We all know this isn't an easy process and many of us haven't gone through it, i was just fightin that many of us know bout how hard the process is and know many details of why that is. I dont need first hand experience, it is simple research and with people like Nismo Skyline and his knowledge, only backs up the info that Zen, Mike Young and Myself have been providing from day 1. This will not be something that can be done in a few months, but will rather take several years.


----------



## 96skylineguy (Apr 30, 2005)

GTES-t said:


> Ok, from what I've been seeing is a LOT of double speak which is being used to take advantage of loopholes by confusing the Customs/DOT personnel. So, let me get some clarification.
> 
> First, what EXACTLY do you mean by this:
> 
> ...


***The vehicle was sold after contacting NHTSA/Customs, let it be known that the funds for the vehicle were paid up front as soon at the new owner took the car from my possession which did happen before I got my response from US Customs. He wanted to secure the purchase of the vehicle because I was getting alot of local offers on the car. I sent a letter of intent to have the vehicle replaced due to the faulty mechanical nature in which I received the car. Since the company I purchased the car from did not want it returned, I requested the EXEMPTION on the car due to the hardship that it would cause me financially. I would have cost me near 3x the amount I paid for the car originally. I was given the execption as long as I filed a formal entry for the car and had the car processed by an ICI.


----------



## GTES-t (Jan 2, 2004)

96skylineguy said:


> ***no, I am not taking advantage of the wording or the definition. A US non-resident status is awarded to any US citizen that is stationed, moved, or otherwise has no physical residence in the US. This can only be awarded to US citizens that are abroad and have established a residence in a foriegn national for more then 6 months.

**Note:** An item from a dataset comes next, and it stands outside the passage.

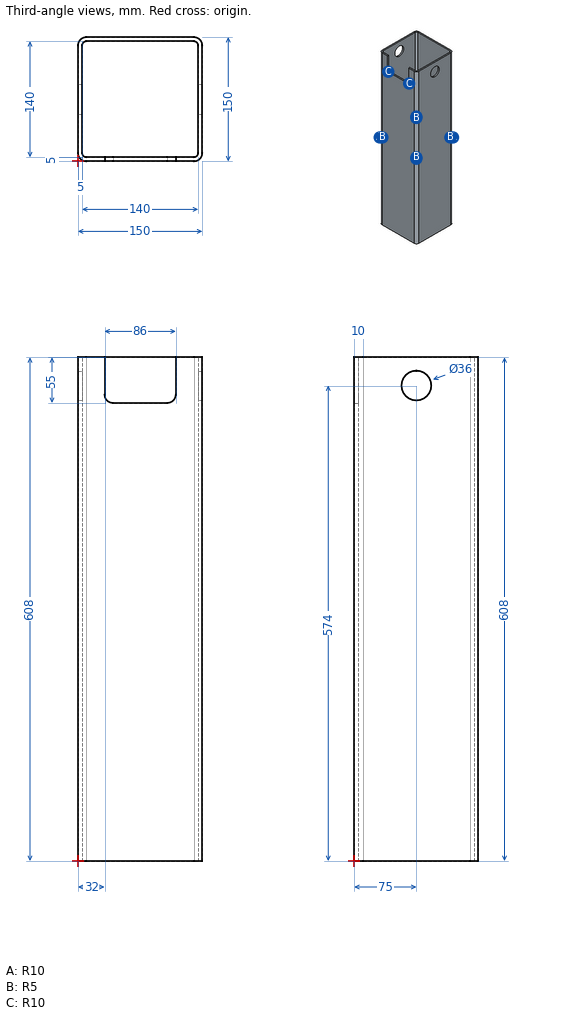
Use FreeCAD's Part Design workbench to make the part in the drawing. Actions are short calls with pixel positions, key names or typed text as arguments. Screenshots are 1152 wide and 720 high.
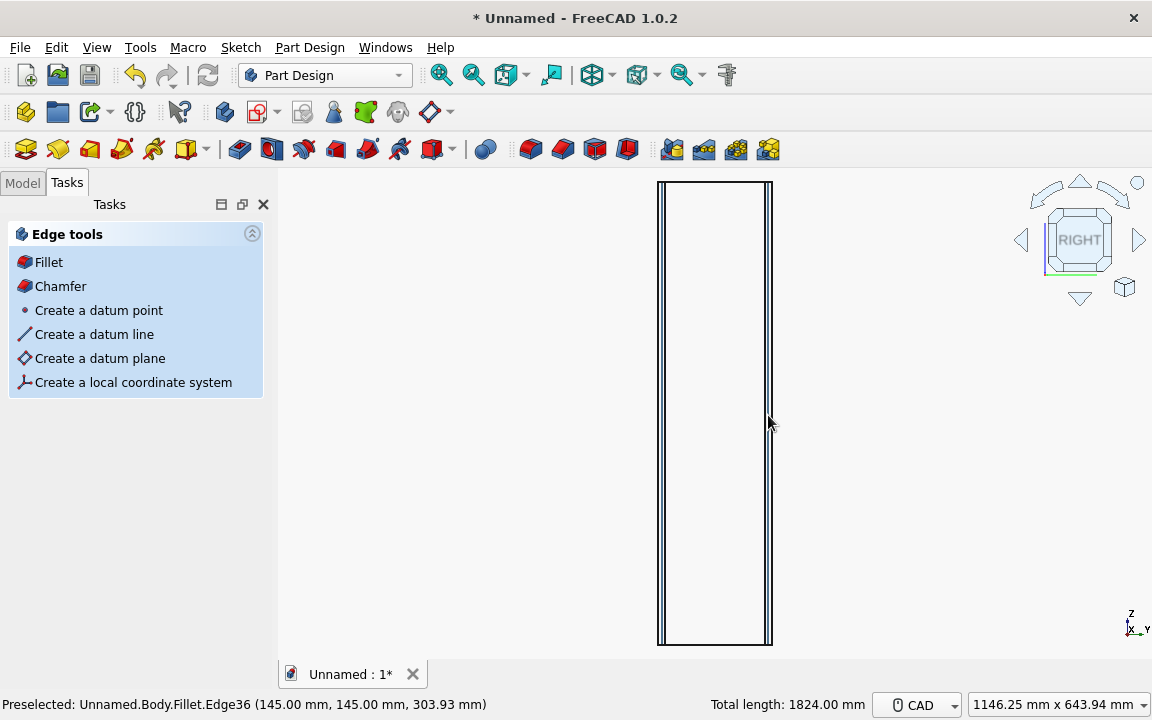
key(5)

Ok, you OBVIOUSLY are either very ignorant of the terms on the HS-7 form, or taking advantage of the wording. It says under Clause 5, "I am a nonresident of the United States..." that is a NON-US CITIZEN! It is NOT a US citizen outside of the US. That is the reason the HS-7 form asks for a country of issue for the Passport.

I have been dealing with importing/exporting my personal vehicles from the US because I am a US Citizen living abroad. And I am still legally a US resident, and currently a non-resident of the United Kingdom. I have lived here 2 years so far and probably another 4 more, and after that I will still be, legally speaking, a US resident.

If it were as you said, a clause for US citizens living outside the US, WHY would you be importing a car for personal use to the US, not to exceed a year?! That doesn't get much use when you are NOT IN THE US!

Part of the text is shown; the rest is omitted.